--- Assignment ---
Taking the line that contains "The object was" as the first, copy each line exactly up to and including the last line below.

___ Provided data ___

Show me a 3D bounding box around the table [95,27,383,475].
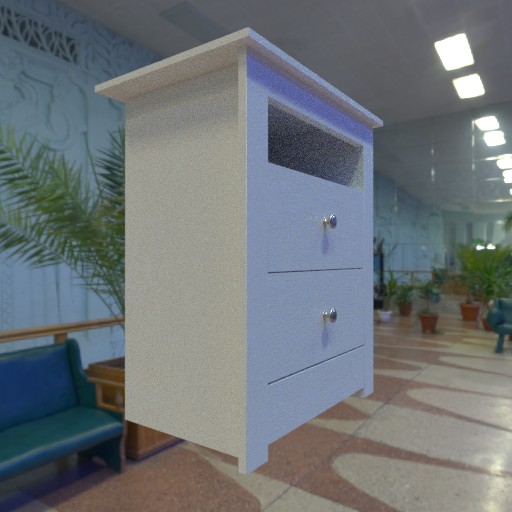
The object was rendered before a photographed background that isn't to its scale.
[{"bbox_3d":[0.000,0.000,1.046,0.406,0.711,0.589,0,0,36],"label":"table"}]

___

--- Solution to this exercise ---
The object was rendered before a photographed background that isn't to its scale.
[{"bbox_3d":[0.000,0.000,1.046,0.406,0.711,0.589,0,0,36],"label":"table"}]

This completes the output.